1. Convert the TF-IDF feature matrices and labels into PyTorch tensors (the label needs to be binarized).
2. Define the loss function (`BCELoss` for binary classification) and the optimizer (`Adam`).
3. Implement a training loop to train the model for a specified number of epochs (e.g., 50).
4. Monitor the training and validation loss during training.

In [15]:
y_train_map = y_train.map({'positive': 1, 'negative': 0})
y_valid_map = y_val.map({'positive': 1, 'negative': 0})
y_test_map = y_test.map({'positive': 1, 'negative': 0})

In [20]:
from torch.utils.data import TensorDataset

x_train_tfidf = torch.tensor(tfidf_matrix_train.toarray(), dtype=torch.float32).to(device)
x_valid_tfidf = torch.tensor(tfidf_matrix_valid.toarray(), dtype=torch.float32).to(device)
x_test_tfidf = torch.tensor(tfidf_matrix_test.toarray(), dtype=torch.float32).to(device)

y_train = torch.tensor(y_train_map, dtype=torch.float32).reshape(-1, 1).to(device)
y_valid = torch.tensor(y_valid_map, dtype=torch.float32).reshape(-1, 1).to(device)
y_test = torch.tensor(y_test_map, dtype=torch.float32).reshape(-1, 1).to(device)

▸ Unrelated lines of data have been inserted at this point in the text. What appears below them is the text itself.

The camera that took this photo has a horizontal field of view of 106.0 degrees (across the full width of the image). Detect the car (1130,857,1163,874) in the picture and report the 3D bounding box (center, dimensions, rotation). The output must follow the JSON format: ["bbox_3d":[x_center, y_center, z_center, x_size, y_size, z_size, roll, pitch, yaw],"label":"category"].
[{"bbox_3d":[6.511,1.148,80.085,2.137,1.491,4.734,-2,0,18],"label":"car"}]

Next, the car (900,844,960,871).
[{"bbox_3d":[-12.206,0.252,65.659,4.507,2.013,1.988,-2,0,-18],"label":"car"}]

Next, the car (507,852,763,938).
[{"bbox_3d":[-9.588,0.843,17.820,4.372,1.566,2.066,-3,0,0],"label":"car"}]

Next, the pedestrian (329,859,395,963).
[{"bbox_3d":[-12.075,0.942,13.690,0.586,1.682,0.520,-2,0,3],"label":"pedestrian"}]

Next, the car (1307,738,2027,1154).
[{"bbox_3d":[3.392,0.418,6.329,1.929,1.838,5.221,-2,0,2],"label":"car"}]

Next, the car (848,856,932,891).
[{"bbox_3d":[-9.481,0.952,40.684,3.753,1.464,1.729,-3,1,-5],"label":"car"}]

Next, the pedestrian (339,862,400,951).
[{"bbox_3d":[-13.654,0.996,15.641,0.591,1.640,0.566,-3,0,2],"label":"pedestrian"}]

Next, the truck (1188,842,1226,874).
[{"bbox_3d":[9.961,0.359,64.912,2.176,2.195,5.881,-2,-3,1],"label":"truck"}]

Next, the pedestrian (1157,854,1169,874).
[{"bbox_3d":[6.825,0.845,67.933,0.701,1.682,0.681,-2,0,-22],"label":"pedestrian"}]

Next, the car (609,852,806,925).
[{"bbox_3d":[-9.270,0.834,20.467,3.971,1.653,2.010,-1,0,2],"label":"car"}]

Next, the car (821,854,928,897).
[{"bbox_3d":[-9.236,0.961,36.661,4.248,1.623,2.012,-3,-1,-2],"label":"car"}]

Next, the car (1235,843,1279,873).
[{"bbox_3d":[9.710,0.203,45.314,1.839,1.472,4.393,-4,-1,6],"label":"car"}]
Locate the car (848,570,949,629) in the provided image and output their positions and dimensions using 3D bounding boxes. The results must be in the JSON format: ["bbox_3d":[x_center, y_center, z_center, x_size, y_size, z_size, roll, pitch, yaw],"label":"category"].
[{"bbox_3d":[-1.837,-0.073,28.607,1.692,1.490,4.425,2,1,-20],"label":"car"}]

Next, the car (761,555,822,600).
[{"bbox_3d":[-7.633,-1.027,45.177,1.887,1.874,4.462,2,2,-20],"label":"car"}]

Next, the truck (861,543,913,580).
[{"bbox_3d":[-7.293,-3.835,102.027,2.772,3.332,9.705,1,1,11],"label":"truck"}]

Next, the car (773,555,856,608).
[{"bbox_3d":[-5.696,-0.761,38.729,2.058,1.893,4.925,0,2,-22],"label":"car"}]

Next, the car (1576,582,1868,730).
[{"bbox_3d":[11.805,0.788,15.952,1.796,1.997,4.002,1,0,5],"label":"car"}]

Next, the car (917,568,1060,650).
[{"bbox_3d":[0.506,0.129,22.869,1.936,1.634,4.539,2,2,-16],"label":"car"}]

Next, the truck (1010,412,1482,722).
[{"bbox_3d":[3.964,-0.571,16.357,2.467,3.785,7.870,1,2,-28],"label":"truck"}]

train = TensorDataset(x_train_tfidf, y_train)
valid = TensorDataset(x_valid_tfidf, y_valid)
test = TensorDataset(x_test_tfidf, y_test)

train, valid, test

(<torch.utils.data.dataset.TensorDataset at 0x26104788d90>,
 <torch.utils.data.dataset.TensorDataset at 0x261135a03d0>,
 <torch.utils.data.dataset.TensorDataset at 0x2646a1cb7d0>)

In [21]:
criterion = torch.nn.BCELoss()
optimizer = torch.optim.Adam(model.parameters(), lr=0.001)

In [35]:
from sklearn.metrics import accuracy_score

model = MLPClssifier(tfidf_matrix_train.shape[1]).to(device)
criterion = torch.nn.BCELoss()
optimizer = torch.optim.Adam(model.parameters(), lr=0.001)

n_epochs = 100

for epoch in range(n_epochs):
    model.train()

    outputs = model(x_train_tfidf)
    loss = criterion(outputs, y_train)
    
    optimizer.zero_grad()
    loss.backward()
    optimizer.step()

    model.eval()
    with torch.no_grad():
        val_outputs = model(x_valid_tfidf)
        val_loss = criterion(val_outputs, y_valid)
        val_pred = (val_outputs >= 0.5).float()
        accuracy = (val_pred.eq(y_valid)).sum() / y_valid.shape[0]
        # accuracy2 = torch.sum(val_pred == y_valid) / y_valid.shape[0]
        print(f"Epoch: {epoch}, Loss: {loss.item()}")
        print(f"Validation Loss: {val_loss}")
        print(f"Accuracy: {accuracy}")

Epoch: 0, Loss: 0.6968812942504883
Validation Loss: 0.6966938376426697
Accuracy: 0.4989999830722809
Epoch: 1, Loss: 0.6965698003768921
Validation Loss: 0.6963880658149719
Accuracy: 0.4989999830722809
Epoch: 2, Loss: 0.6962490677833557
Validation Loss: 0.6960293054580688
Accuracy: 0.4989999830722809
Epoch: 3, Loss: 0.695872962474823
Validation Loss: 0.6956089735031128
Accuracy: 0.4989999830722809
Epoch: 4, Loss: 0.6954323053359985
Validation Loss: 0.6951379776000977
Accuracy: 0.4989999830722809
Epoch: 5, Loss: 0.6949372291564941
Validation Loss: 0.6946307420730591
Accuracy: 0.4989999830722809
Epoch: 6, Loss: 0.6944020986557007
Validation Loss: 0.6940974593162537
Accuracy: 0.4989999830722809
Epoch: 7, Loss: 0.6938371658325195
Validation Loss: 0.6935368180274963
Accuracy: 0.4989999830722809
Epoch: 8, Loss: 0.6932419538497925
Validation Loss: 0.6929364800453186
Accuracy: 0.4989999830722809
Epoch: 9, Loss: 0.6926049590110779
Validation Loss: 0.6922904253005981
Accuracy: 0.4989999830722809
E

### Exercise 7: Model Evaluation
**Objective**: Evaluate the performance of the trained model on the test data.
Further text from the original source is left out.